Data extracted from a collection |
◇ ◇ ◇ ◇ ◇
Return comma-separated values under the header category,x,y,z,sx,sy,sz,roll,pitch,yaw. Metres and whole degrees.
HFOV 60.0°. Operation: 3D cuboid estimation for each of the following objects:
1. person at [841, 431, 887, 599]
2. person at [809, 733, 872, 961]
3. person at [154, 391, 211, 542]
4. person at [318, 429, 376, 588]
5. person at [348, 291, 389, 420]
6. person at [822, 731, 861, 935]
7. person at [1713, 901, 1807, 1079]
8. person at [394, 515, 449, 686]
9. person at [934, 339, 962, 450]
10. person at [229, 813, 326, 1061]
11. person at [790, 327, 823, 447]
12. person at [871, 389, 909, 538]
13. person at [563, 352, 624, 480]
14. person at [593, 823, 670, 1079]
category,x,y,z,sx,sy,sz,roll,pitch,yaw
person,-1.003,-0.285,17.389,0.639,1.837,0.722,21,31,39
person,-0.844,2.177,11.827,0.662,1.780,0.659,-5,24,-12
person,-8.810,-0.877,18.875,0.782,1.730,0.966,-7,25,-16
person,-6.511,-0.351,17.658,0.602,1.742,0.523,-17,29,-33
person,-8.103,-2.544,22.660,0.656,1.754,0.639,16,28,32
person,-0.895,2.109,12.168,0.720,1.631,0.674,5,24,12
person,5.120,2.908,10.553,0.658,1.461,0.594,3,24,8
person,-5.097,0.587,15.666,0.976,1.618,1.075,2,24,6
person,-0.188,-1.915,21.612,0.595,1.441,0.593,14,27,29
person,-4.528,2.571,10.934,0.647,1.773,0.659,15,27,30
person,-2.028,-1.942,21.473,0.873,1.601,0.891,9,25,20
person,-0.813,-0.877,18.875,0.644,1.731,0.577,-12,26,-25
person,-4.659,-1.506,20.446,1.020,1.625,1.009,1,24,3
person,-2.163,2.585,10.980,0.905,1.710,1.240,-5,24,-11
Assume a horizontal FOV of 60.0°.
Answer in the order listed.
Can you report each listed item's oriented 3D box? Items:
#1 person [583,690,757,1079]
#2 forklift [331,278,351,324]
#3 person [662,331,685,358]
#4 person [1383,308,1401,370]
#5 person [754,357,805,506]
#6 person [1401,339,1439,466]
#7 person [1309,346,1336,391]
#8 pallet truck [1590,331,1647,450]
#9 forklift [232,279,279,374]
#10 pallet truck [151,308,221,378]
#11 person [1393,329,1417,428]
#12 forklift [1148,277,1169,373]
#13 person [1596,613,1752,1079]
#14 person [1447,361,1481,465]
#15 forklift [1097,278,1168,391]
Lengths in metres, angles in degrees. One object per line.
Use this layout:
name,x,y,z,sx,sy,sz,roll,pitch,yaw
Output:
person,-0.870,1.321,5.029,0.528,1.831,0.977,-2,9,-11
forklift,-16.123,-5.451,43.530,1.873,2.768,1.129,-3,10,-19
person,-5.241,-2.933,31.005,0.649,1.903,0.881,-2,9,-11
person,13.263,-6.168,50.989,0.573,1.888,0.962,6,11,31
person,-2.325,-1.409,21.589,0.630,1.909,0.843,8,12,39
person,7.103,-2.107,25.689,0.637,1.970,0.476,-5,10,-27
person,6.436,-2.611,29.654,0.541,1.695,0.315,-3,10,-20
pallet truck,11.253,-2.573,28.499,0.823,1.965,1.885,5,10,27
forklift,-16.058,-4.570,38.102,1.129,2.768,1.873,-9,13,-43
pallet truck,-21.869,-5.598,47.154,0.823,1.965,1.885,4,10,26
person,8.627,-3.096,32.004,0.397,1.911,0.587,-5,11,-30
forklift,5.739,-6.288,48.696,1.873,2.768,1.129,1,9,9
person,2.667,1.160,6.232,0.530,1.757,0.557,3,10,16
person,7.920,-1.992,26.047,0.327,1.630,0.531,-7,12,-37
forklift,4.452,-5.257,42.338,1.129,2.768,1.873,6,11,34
◇ ◇ ◇ ◇ ◇
What the task requires |
Where does "degrees" appear in the records above? Copy each line that holds it.

Answer to the exercise |
Return comma-separated values under the header category,x,y,z,sx,sy,sz,roll,pitch,yaw. Metres and whole degrees.
Lengths in metres, angles in degrees. One object per line.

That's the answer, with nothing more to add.